Task statement
Check the data underneath for lines holding the word "pixels", and state only how many you find.

Exercise input
[Start of section]
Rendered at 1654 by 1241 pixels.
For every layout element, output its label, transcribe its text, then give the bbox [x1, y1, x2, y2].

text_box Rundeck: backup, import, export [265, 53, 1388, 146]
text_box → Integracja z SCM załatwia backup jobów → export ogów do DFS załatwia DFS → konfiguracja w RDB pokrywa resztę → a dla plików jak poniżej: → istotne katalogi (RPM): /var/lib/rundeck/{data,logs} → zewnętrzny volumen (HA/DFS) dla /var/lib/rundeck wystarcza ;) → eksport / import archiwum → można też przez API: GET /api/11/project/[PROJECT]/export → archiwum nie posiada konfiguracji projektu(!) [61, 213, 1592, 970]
[End of section]
[Start of section]
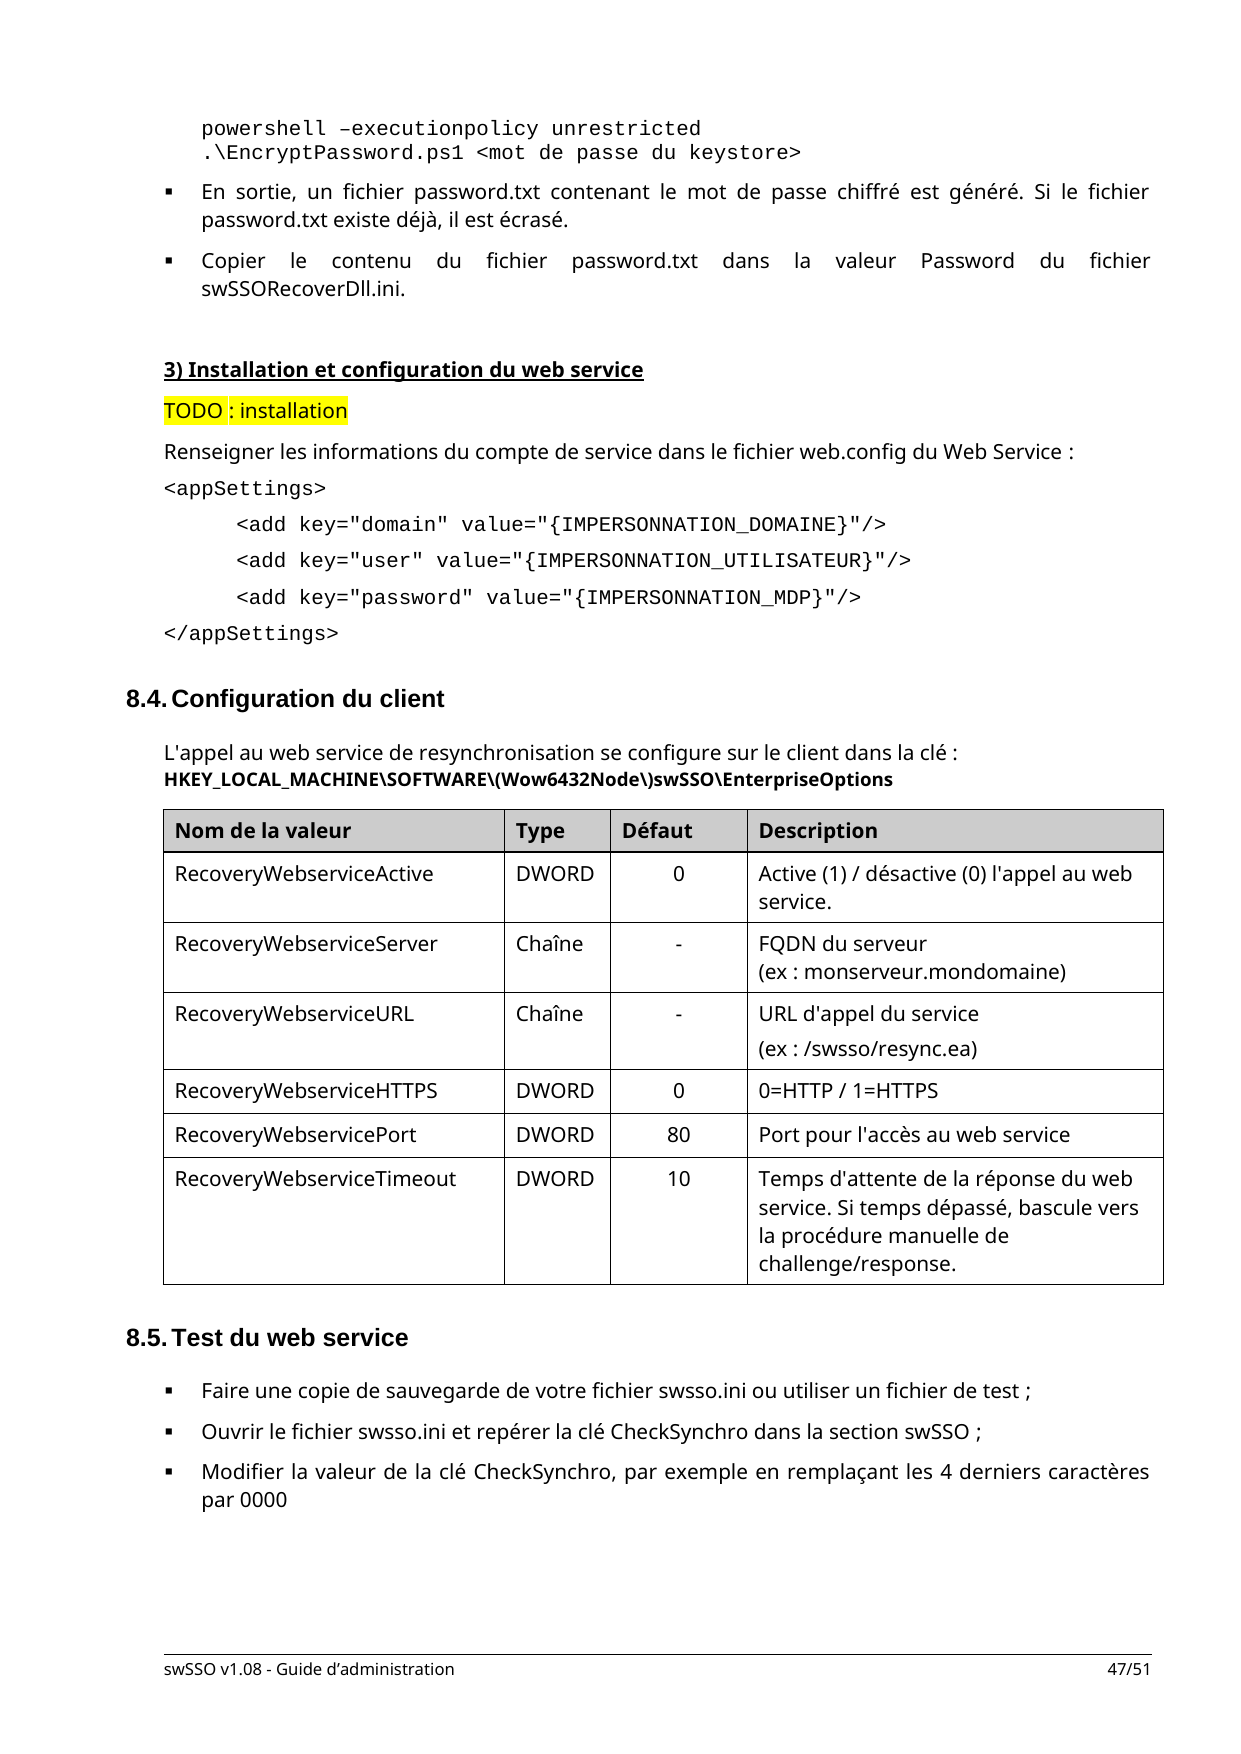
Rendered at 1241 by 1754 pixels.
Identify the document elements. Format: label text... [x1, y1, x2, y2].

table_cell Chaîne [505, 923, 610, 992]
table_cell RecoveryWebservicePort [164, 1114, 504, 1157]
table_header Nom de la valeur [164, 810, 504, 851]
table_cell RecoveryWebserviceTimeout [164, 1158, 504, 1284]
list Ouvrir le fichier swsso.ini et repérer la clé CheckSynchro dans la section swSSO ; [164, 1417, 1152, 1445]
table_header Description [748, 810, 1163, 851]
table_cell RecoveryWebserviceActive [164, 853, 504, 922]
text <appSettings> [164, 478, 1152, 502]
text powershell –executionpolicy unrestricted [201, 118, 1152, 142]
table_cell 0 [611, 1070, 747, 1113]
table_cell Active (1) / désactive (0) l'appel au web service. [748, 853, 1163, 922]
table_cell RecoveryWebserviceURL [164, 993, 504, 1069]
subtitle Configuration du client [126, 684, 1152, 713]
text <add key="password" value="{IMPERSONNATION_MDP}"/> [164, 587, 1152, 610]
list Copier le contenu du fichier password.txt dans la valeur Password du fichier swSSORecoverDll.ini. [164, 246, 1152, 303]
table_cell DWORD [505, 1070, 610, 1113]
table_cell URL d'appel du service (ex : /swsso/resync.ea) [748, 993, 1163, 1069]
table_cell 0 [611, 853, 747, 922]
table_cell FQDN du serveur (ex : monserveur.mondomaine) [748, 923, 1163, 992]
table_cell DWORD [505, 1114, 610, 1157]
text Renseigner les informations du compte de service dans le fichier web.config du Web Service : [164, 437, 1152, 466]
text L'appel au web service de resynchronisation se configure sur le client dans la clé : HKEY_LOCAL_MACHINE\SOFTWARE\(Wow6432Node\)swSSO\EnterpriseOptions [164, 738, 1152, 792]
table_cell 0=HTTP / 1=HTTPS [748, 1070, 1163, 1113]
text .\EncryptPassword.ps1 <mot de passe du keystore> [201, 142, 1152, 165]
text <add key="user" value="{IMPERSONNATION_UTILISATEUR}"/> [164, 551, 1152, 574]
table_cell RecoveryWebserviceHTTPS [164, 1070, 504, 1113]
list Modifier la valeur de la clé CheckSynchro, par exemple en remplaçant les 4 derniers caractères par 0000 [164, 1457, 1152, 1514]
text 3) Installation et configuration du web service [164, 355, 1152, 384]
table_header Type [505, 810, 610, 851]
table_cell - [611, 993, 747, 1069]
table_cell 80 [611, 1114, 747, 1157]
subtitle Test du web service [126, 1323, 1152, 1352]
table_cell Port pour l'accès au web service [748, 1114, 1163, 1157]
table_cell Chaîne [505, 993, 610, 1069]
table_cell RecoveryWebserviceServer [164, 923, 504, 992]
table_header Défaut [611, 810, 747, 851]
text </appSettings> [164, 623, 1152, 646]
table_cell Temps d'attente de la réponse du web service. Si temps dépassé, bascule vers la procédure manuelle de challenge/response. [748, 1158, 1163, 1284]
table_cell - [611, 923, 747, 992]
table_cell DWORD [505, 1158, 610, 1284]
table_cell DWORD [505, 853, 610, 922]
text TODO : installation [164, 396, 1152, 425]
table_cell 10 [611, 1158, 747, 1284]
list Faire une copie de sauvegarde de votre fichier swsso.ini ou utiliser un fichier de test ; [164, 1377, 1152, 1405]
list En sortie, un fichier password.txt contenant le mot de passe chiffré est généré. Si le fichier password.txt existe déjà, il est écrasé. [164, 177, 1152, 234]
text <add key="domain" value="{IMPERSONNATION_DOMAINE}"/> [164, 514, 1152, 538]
[End of section]
Result below
2